Born in New Orleans and raised through my teenage years in that city framed my vision of life. It was and continues to be a place of extremes: beauty and decay, religion and ritual, custom and iconoclasm. The spirit of the city embraces an attitude of dispensation in the form of the annual bacchanal of Mardi Gras when the celebrations are exuberate. From that experience, I acquired an excitement for visual matters, colors, forms and even artifacts.

My family moved to Florida with my father’s job transfer in my late adolescence. With that transition, my visual appetite expanded to the sensuous verdure of the semi-tropical landscape. I finished my university education with a Master of Fine Arts from the University of South Florida in Tampa after which I was awarded a number of residency grants funded by the state and federal government, which moved my young family and me around Florida. During those times, I made my art as I reflected on my experience using a metaphor of motifs derived from my surroundings. Natural motifs became more interesting to me. A teaching job in Michigan reduced my color sense in my ruminations on the landscape with the northern winter. Another teaching job in North Carolina returned a benign view of nature as I drew on my observations to make art. Now in Texas, I am seeing another aspect of the land and the culture it supports; I am increasingly fascinated by fabricating water in my sculpture.

Presently, I live near the Rio Grande; the brown green strip of flowing water which divides countries, cultures and landscapes. The differences in lifestyles on the two opposing banks are significant. Water is the vital yet limited nurturance of the region.

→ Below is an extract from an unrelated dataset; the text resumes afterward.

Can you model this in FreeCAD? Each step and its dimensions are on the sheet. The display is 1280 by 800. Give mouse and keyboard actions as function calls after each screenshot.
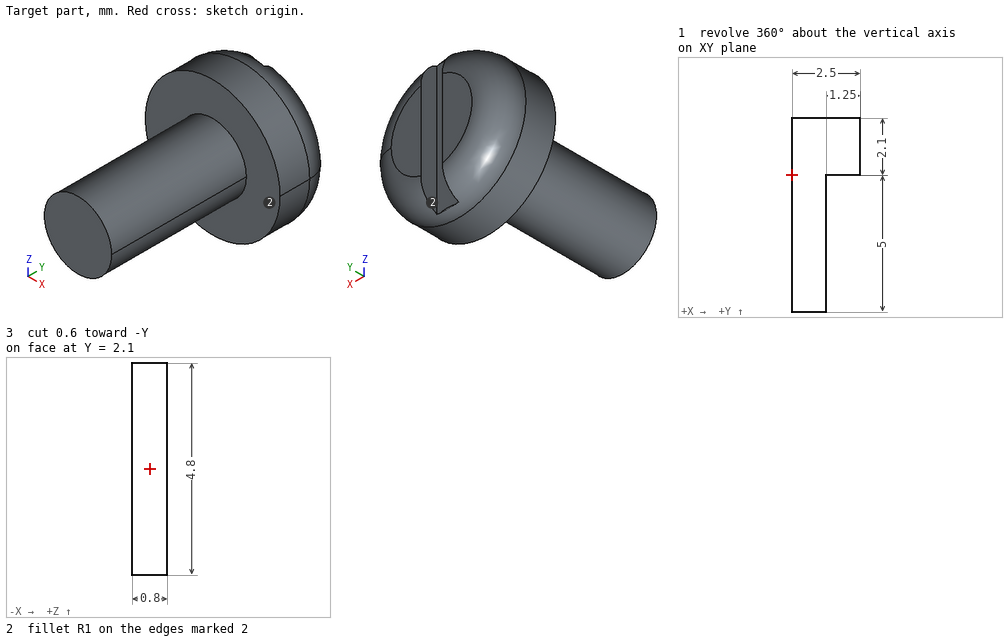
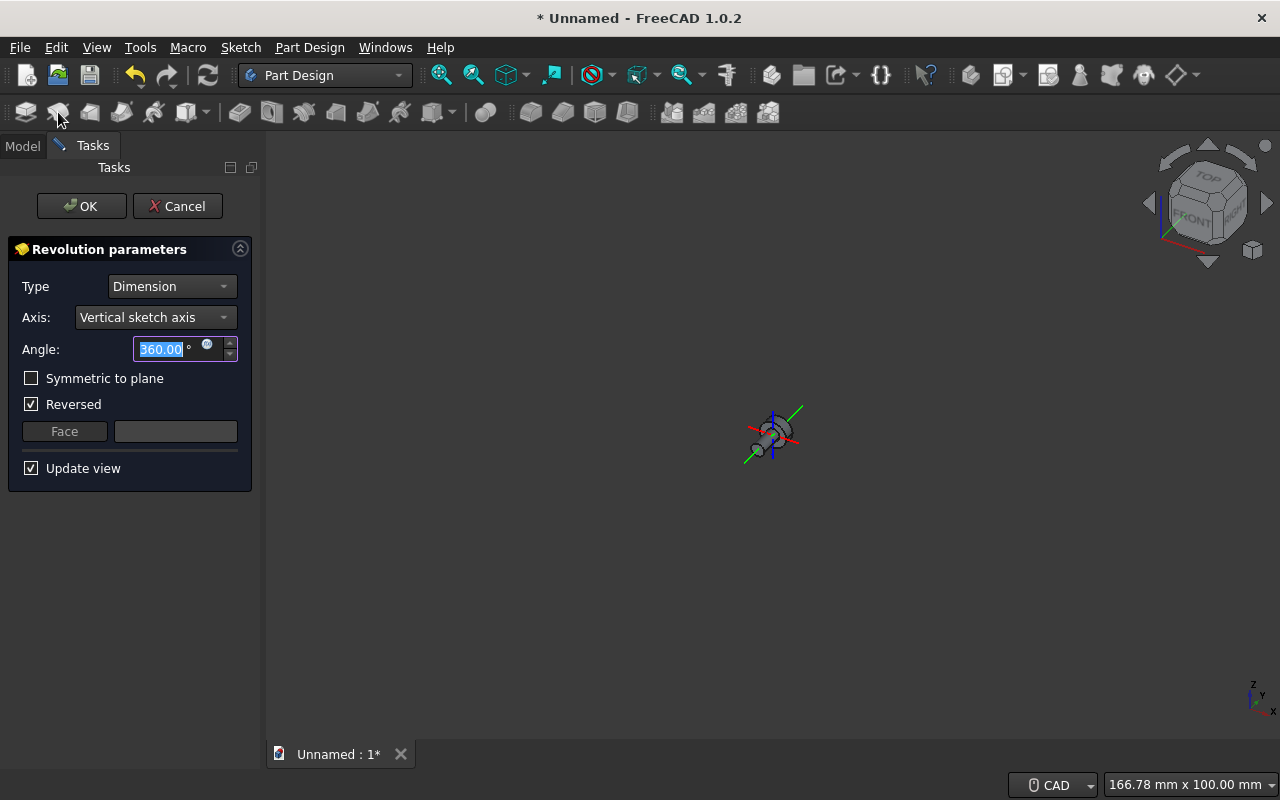
click(82, 206)

The Rio Grande, the US border, is the southern mote for the lower forty-eight states maintained in its present channel by treaty. This side of the river is the haven of the first, second or third generation Mexican-Americans who have made it over. The Mexican side has stratified wealthy elite whose money allows casual access in contrast to a less privileged population whose legal crossings are monitored and temporary or whose illegal passage is covert and strained.

My chosen black surface for water carries with it an ambiguous, obscure or illusive reading. Its darkness suggests murkiness; therefore, is its depth shallow or deep or is its quality clean or polluted? The inference for water colored black can be described as powerful and frightening. Any of these descriptions can apply to the Rio Grande.